According to the present invention, an organosilicon compound layer is formed between a synthetic resin film substrate and a vapor-deposited thin film layer, and
Since the entire surface of the organic silicon compound layer is plasma-activated, the adhesion of the vapor-deposited thin film to the film substrate and the flexibility against external loads are improved, and the occurrence of cracks and pinholes in the vapor-deposited thin film can be prevented. Provided is a gas barrier laminate of a packaging material having a good barrier property against oxygen and water vapor.

[Brief description of drawings]

FIG. 1 is a cross-sectional view of a gas barrier laminate according to an example of the present invention.

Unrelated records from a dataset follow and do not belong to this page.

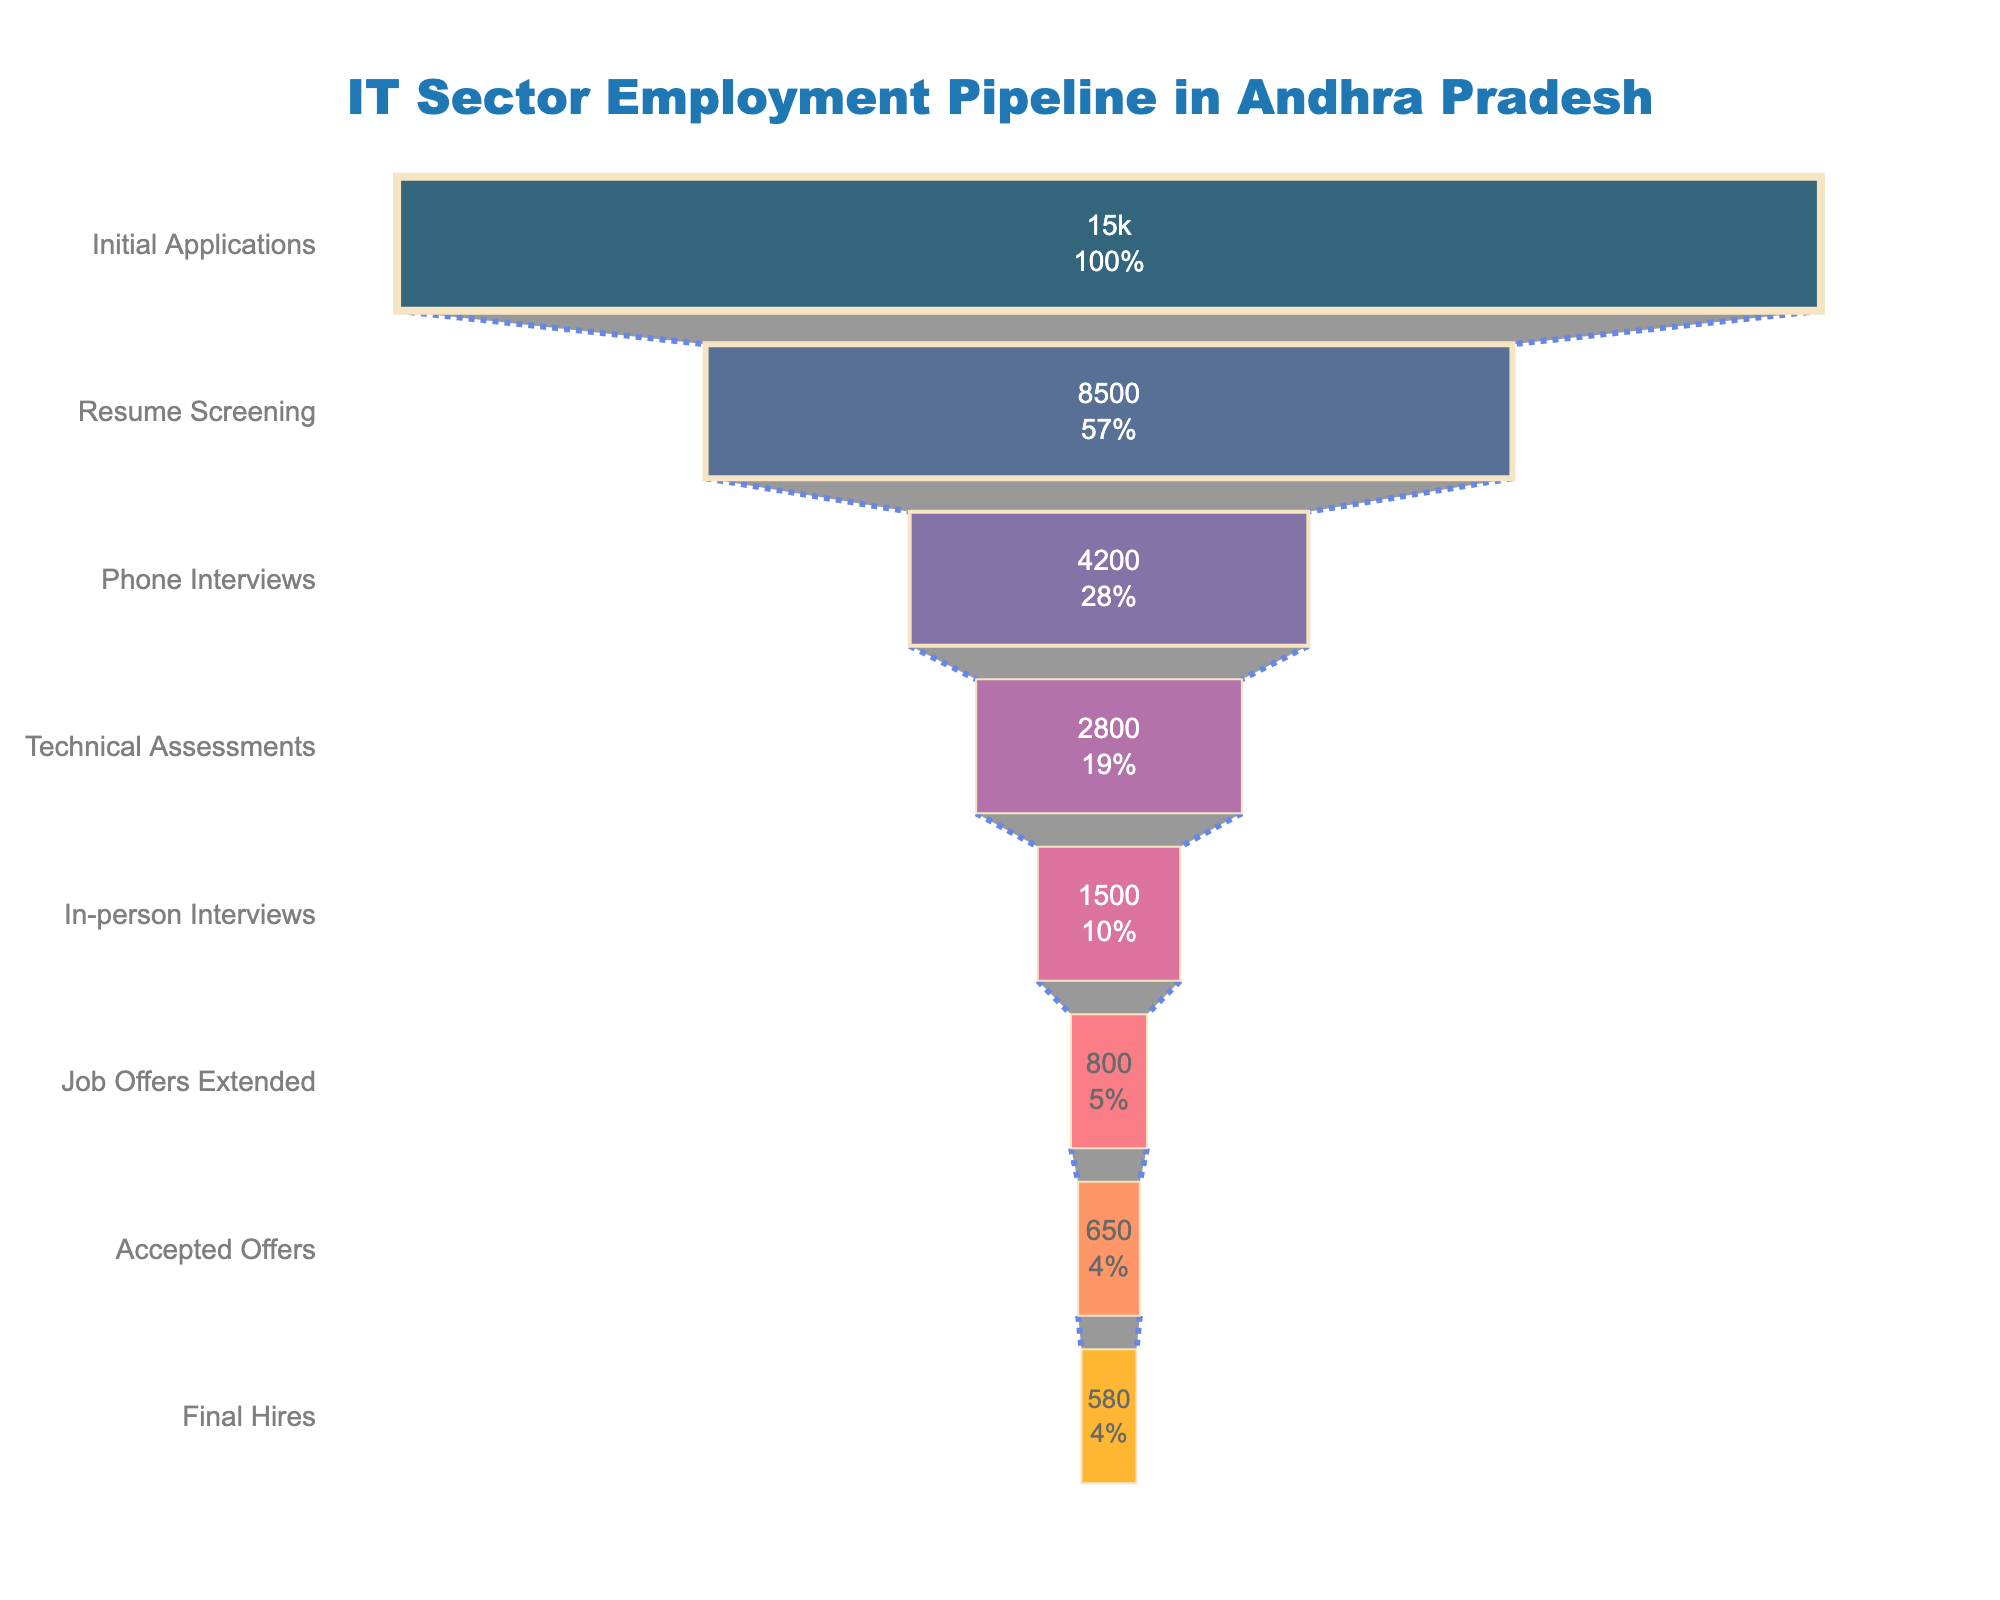What's the title of the funnel chart? At the top of the chart, the title is displayed. The specific font used further highlights it.
Answer: IT Sector Employment Pipeline in Andhra Pradesh How many applicants made it to the resume screening stage? The value for the "Resume Screening" stage is directly listed in the chart.
Answer: 8500 What percentage of the initial applications reached the phone interviews stage? The number of initial applications is 15000 and the number of phone interviews conducted is 4200. To find the percentage: (4200/15000) * 100%.
Answer: 28% How many stages are there from initial applications to final hires? Count the distinct stages plotted along the y-axis.
Answer: 8 What is the drop-off from the phone interviews to the technical assessments? Subtract the number of applicants from the technical assessments stage from the phone interviews stage: 4200 - 2800.
Answer: 1400 How many more applicants were there in the technical assessments stage compared to the in-person interviews stage? Subtract the number of in-person interviews from the technical assessments: 2800 - 1500.
Answer: 1300 What percentage of job offers were accepted? Divide the accepted offers by the job offers extended and multiply by 100: (650/800) * 100%.
Answer: 81.25% How many applicants were extended job offers but did not accept them? Subtract the number of accepted offers from the job offers extended: 800 - 650.
Answer: 150 Is the percentage drop larger between the resume screening and phone interviews or between technical assessments and in-person interviews? Calculate the percentage drop between resume screening (8500) and phone interviews (4200): ((8500 - 4200) / 8500) * 100% ≈ 50.59%, and between technical assessments (2800) and in-person interviews (1500): ((2800 - 1500) / 2800) * 100% ≈ 46.43%. Compare the two percentages.
Answer: Resume screening to phone interviews How many more applicants reached the final hires stage compared to those who accepted offers? Subtract the number at the final hires stage from the accepted offers: 650 - 580.
Answer: 70

FIG. 2 is a cross-sectional view of a gas barrier laminate according to another example of the present invention.

[Explanation of symbols]

 100, 200 ... Gas barrier laminate 110 ... Synthetic resin film 120 ... Organosilicon compound 121 ... Plasma activated surface 130 ... Evaporated thin film 140 ... Adhesive agent 150 ... Thermal adhesive resin layer

Claims (3)

[Claims] 1. A synthetic resin film having a chemical formula of R—Si— (OR ′) ₃ (R is an organic functional group, on at least one side thereof,
R'is a hydrolyzable group), and an organic silicon compound layer is formed, and a vapor-deposited thin film layer of a metal or a metal compound is formed on the plasma-activated surface of the gas barrier laminate. . 2. The presence of the organosilicon compound layer according to claim 1.
The functional group (R) is -CH = CH ₂, -CH₂-CH
₂-CH₂-NH₂, -CH₂-NH₂, -CH₂-N
HCONH₂, -CH₂-NH-CH₂-CH₂-NH
₂,-(C₂H₂O)-,-CH₂-O-CH₂-(C
₃H₃O), the hydrolyzable group (R ′) is —Cl, —C
H₃, -CH₂-CH₃, -CH₂-O-CH₃Is
A gas barrier laminate having the above feature. 3. A gas barrier laminate comprising a vapor-deposited thin film layer of the metal or the metal compound according to claim 1 or 2, wherein a thermoadhesive resin layer is provided via an adhesive layer.